DaisyBit is a compressed binary information which can be passed throughout the online advertising ecosystem (through OpenRTB specification) to transfer the consent status of the user visiting a website.
Example of a DaisyBit – 11111110111110010100110011011111001010110.
IAB Europe developed the GDPR Consent Framework to help publishers and Adtech companies (third-parties) deal with the consent process. The ultimate goal is to make everyone in the ecosystem ‘GDPR Compliant’.
DaisyBit is a part of the GDPR Consent Framework. It facilitates one of the important aspects of the framework i.e., passing the user’s consent through the chain.
What information is converted into DaisyBit?
In one word – Consent. A user’s consent is converted into a DaisyBit. If a publisher has a dozen purposes and vendors which can track the user and target ads, then the user can provide consent for each vendor and purpose, individually.
Here’s what we mean (Oversimplified Example):
Purpose 1 – Consent given – 1
Purpose 2 – No Consent given – 0
Vendor 1 – No consent given – 0
Vendor 2 – Consent given – 1
Vendor 3 – Consent given – 1
DaisyBit generated – 10011. This DaisyBit is passed down to the ecosystem through OpenRTB specification.
What does the purpose mean?
It’s the reason behind the collection of the users’ data. That is, Targeting ads, tracking web sessions, etc.
Who are the vendors?
IAB Europe is maintaining a dynamic list of vendors (Processors and Controllers) called ‘Global Vendor List’. An entity from the list is a vendor and a publisher can use the list as a basis for disclosure and consent requests.
How will DaisyBit help publishers to determine whether a user is opted out or not?
If the user opts in, the consent status will be 1. Else, 0. If the user hasn’t given any consent or the user is a first time visitor, then there will no cookie containing the DaisyBit. Therefore, the user is prompted for consent.
Cookie! So the solution is vulnerable to cookie clearing?
You’re right. Preferred vendors, purposes, and consent preferences will be gone, once the user clears cookies. The consent should be re-obtained from the user. Thus, the IAB Europe plans to develop more reliable storage methods in the future.
Can a Vendor see the consent status of other vendors?
The OpenRTB request will contain the DaisyBit which will allow the vendor to see the consent status of other vendors and publisher.
However, a vendor can’t see the purposes and disclosures of other vendors and publishers. Only CMPs can read the status and disclosures associated with a domain.

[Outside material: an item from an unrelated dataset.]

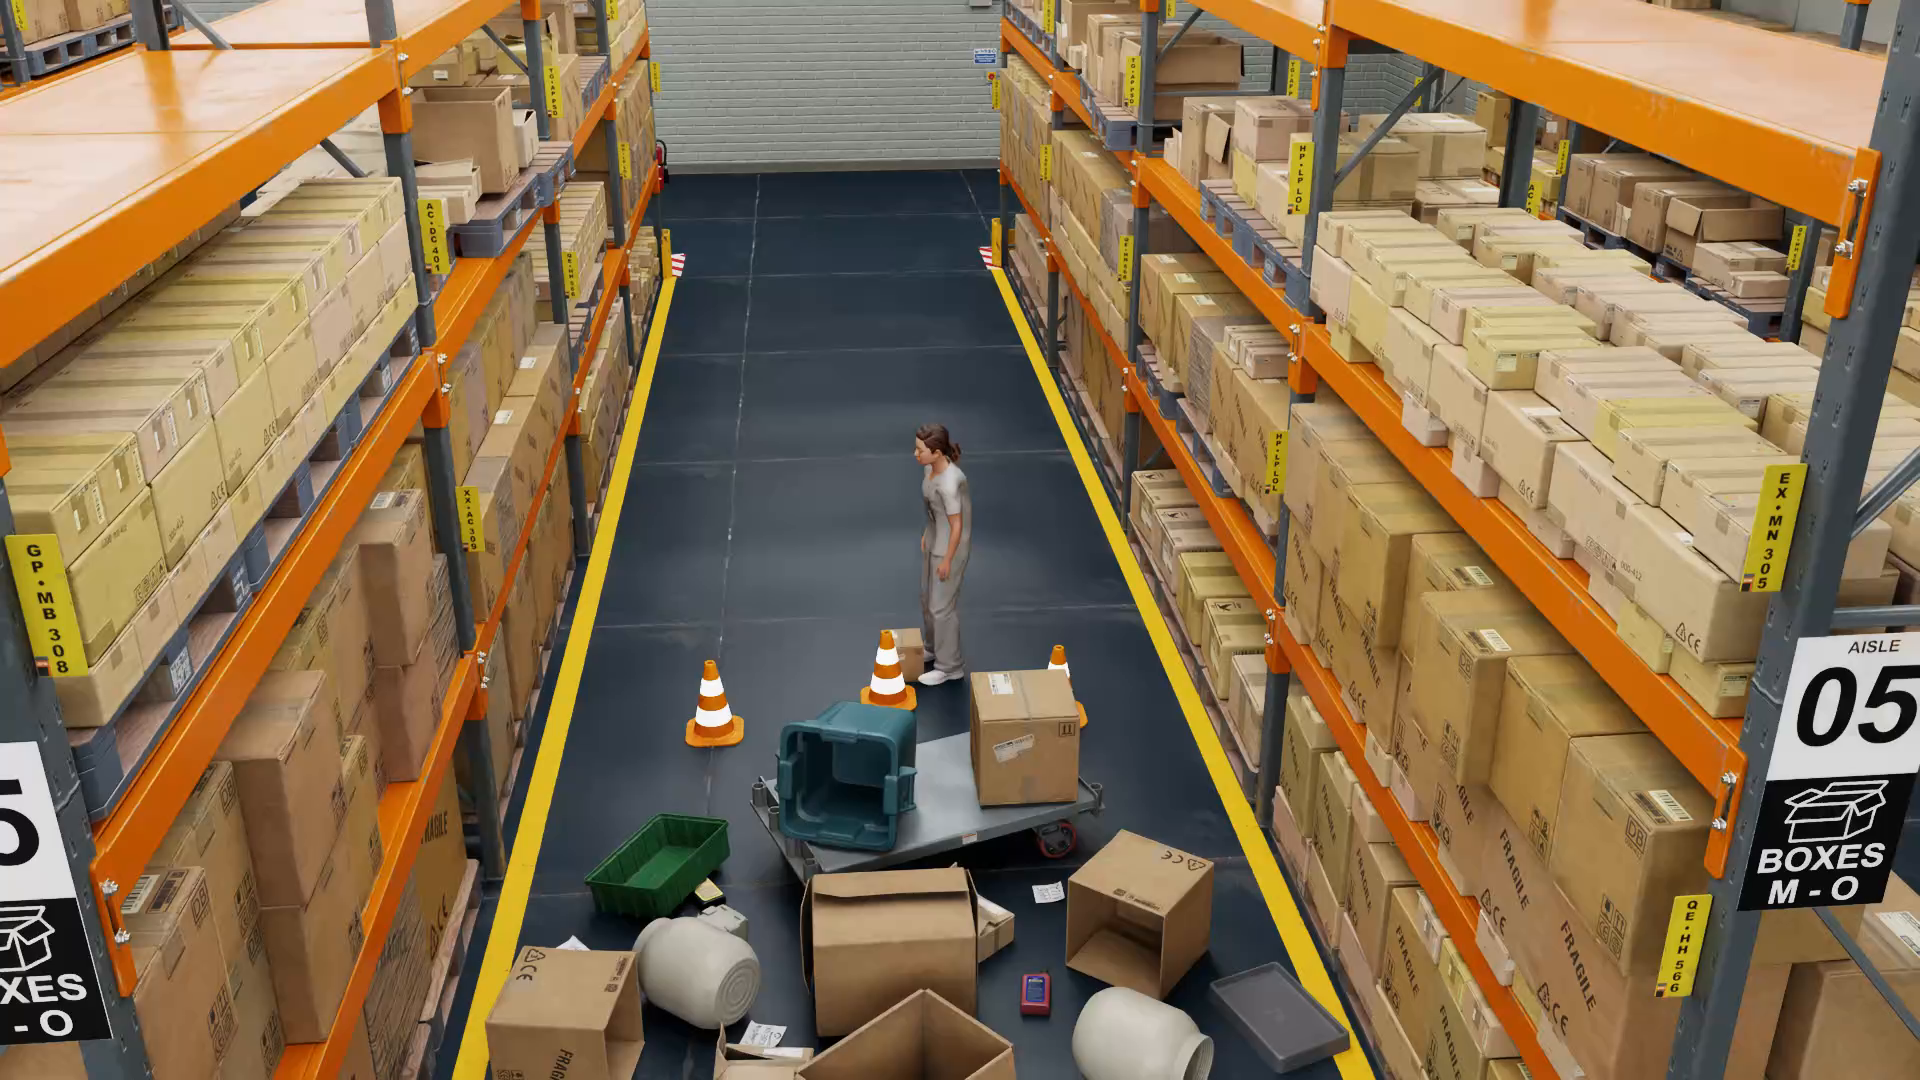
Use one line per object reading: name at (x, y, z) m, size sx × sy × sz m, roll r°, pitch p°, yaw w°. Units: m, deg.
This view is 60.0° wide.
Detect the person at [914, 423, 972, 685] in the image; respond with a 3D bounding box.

Does ‘DaisyBit’ work in any app?
No, the framework isn’t supporting any mobile apps yet.
“The current solution works for web-based apps, but not native apps. An SDK is being discussed and is required as an add-on to this solution and will be made available to app builders by individual CMPs.”
– IAB Europe.
Update: IAB Tech Lab & IAB Europe released tech specifications for Mobile In-app Framework recently and now, it is open for Feedback.

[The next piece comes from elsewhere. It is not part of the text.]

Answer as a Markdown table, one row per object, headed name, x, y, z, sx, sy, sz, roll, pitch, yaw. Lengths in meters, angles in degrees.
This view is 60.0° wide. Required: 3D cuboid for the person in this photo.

How is the DaisyBit distributed?
Consent Management Platforms (CMPs) will be responsible for the distribution. And, vendors have to update on their side to receive the DaisyBit.
“This will be done with a call to one or more of the standardized JS API functions. Each vendor or SSP will need to update their own code to use the API to check preferred vendors, purposes, and consent when their system receives a call.”
– IAB Europe.
The Way Forward
There wasn’t a wide-adoption of the framework yet. A few premium publishers have taken steps to enforce the framework with an in-house CMPs (Axel Springer and Schibsted). Mid-market and small publishers are still striving to settle on a solution.
Google limiting its ‘Funding Choices’ to share consent with just 12 Adtech vendors further amplifies the confusion. Most publishers couldn’t decide a side to rely on.
Industry experts say this will add a new layer to the landscape and agitate the adtech vendors (especially DSPs and trackers).
Note: We’ll update the article continuously to help you better understand the framework.